Valider les compétences en bricole
Dans la téléphonie, il est confronté aux embûches mises en place par les constructeurs pour éviter ou compliquer les auto-réparations. Ou les rendre onéreuses. Alassane voit souvent passer entre ses mains des téléphones à l’écran cassé après un choc ou une chute. La fonction tactile ne fonctionne alors bien souvent plus alors que l’écran s’allume toujours.
« Le tactile et le LCD de l’écran sont de moins en moins séparés dans les smartphones. Sur le Galaxy S4 par exemple ils ont fait en sorte que les deux soient indissociables. Si l’un des deux ne marche plus, il faut alors changer les deux. Et c’est plus cher», explique-t-il.
Il sort alors une sorte de sèche-cheveux de son sac.

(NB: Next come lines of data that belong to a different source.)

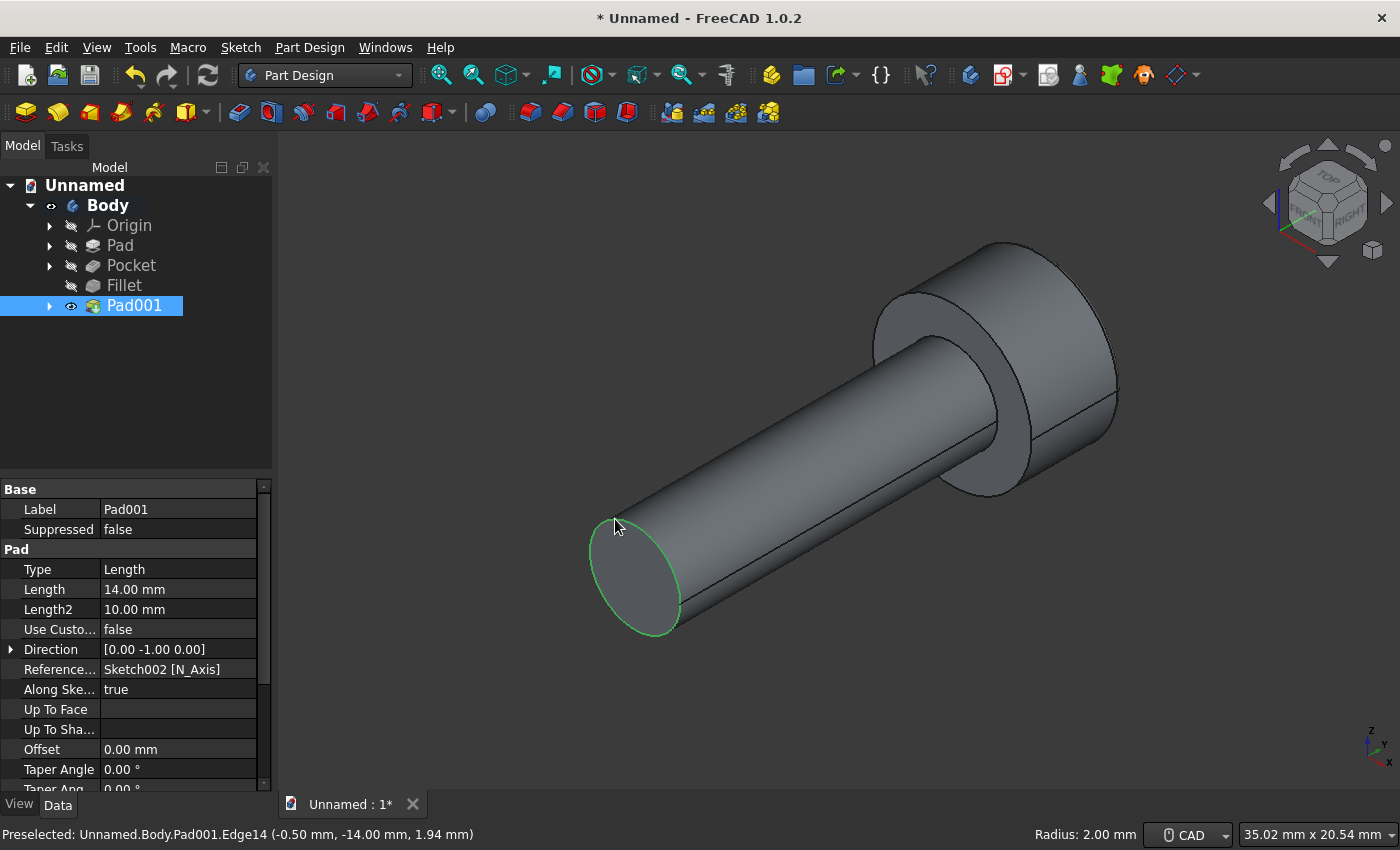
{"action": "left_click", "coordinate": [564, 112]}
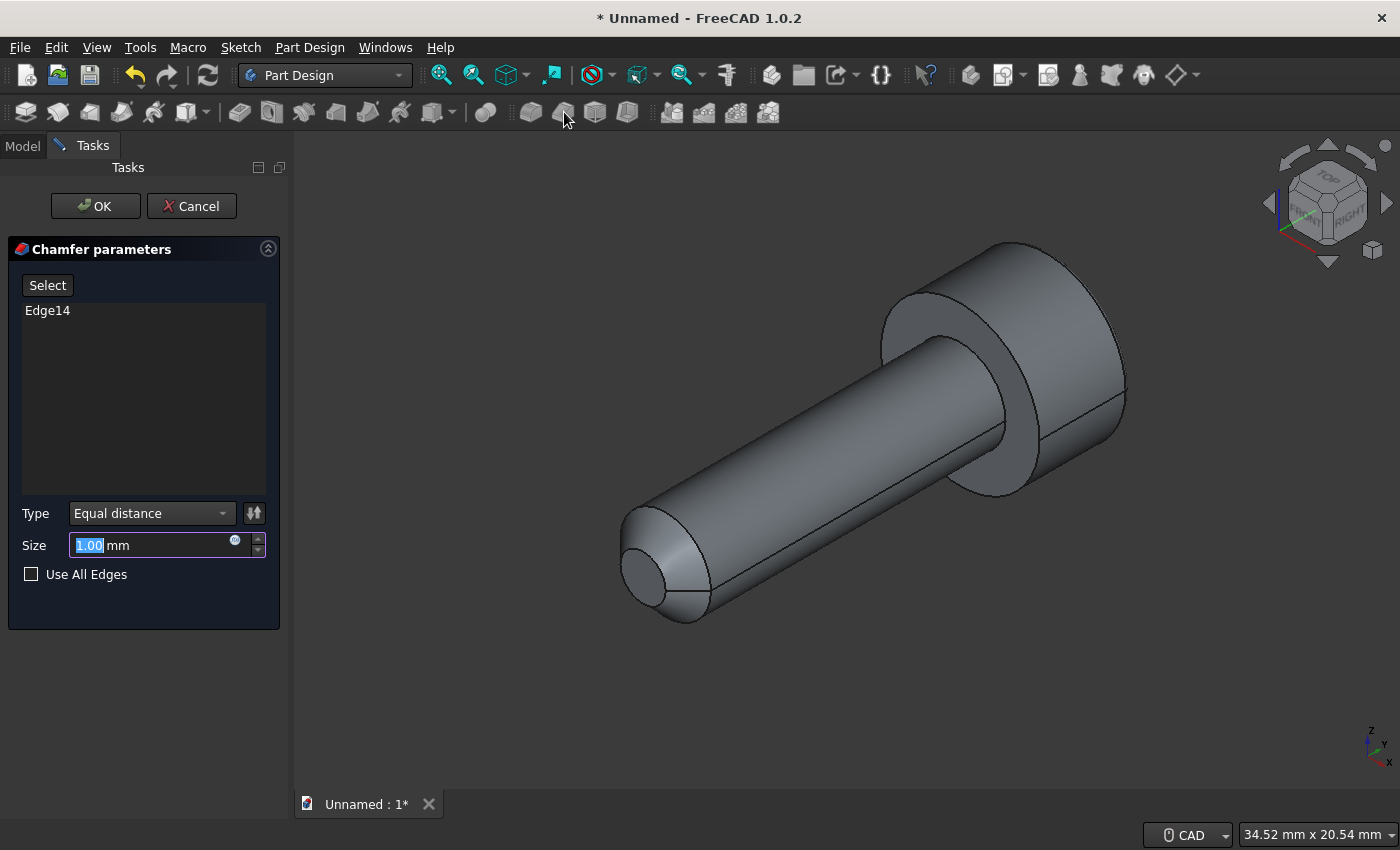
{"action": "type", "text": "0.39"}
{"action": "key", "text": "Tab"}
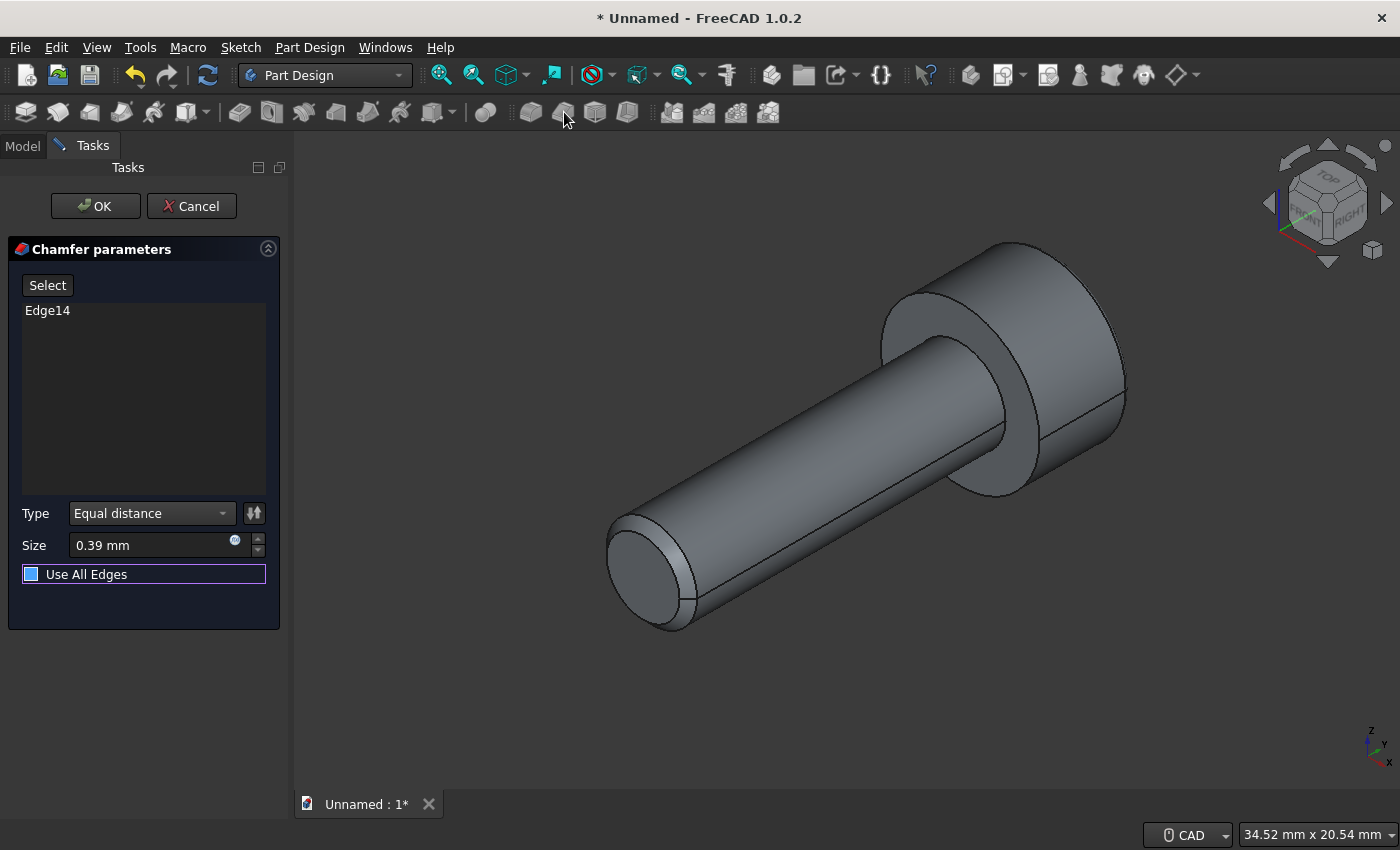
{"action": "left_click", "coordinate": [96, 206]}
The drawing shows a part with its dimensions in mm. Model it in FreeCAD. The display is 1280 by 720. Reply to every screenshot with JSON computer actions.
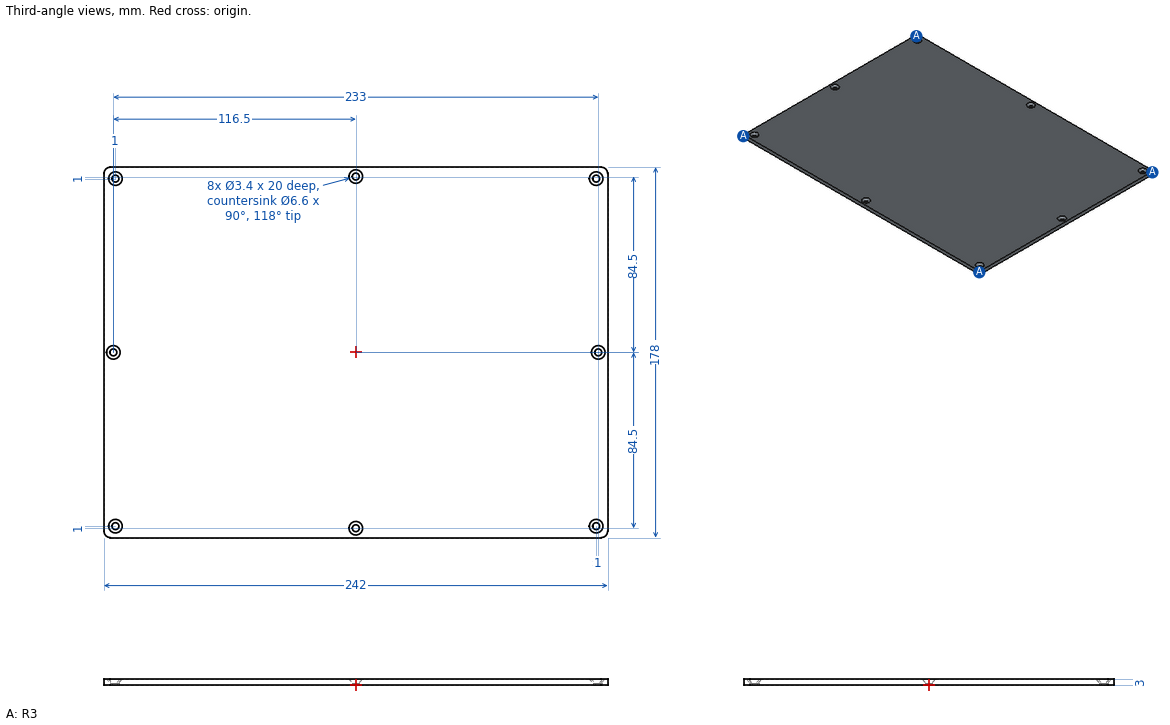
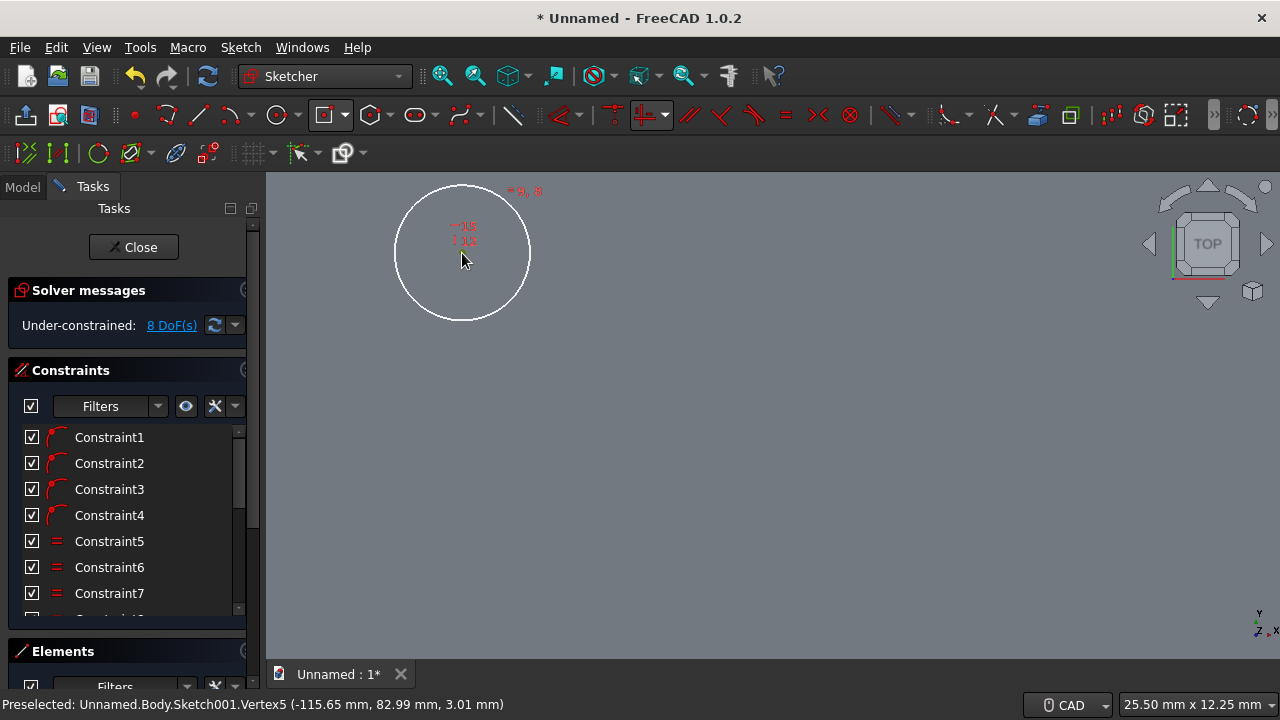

Il le branche et un rapide coup d’air sur la main suffit à comprendre qu’il ne vaut mieux pas l’essayer sur sa tignasse. C’est un décapeur thermique. Il l’utilise pour décoller les écrans des tablettes, notamment des Ipad. Car pour certaines d’entre elles, pour accéder à la batterie et la changer en cas de besoin impossible d’y accéder sans avoir décollé l’écran. Une manipulation délicate qui peut rapidement tourner au fiasco. Mais il y a plus fourbe encore.
« Par exemple, sur l’Iphone 6 il y a eu l’histoire de l’erreur 50. L’appareil parvient à détecter que vous avez changé l’écran sans passer par Apple au moment de la restauration via Itunes. Du coup le téléphone est bloqué. Tu ne peux pas le faire toi-même ou aller chez un réparateur », détaille-t-il.
Il ne pourra pas réparer le téléphone d’Audrey ce soir-là, faute de pièces sous la main. Ses compétences apprises en triturant les téléphones, il aimerait pouvoir « les valider » pour en faire son métier. L’Atelier Soudé, organisé en association pour le moment, réfléchit aussi à la suite.
« On commence à avoir un bon réseau de bénévoles et de compétences. On a l’idée de mettre en place une formation entre bénévoles pour professionnaliser ça, peut-être », conclut Baptiste.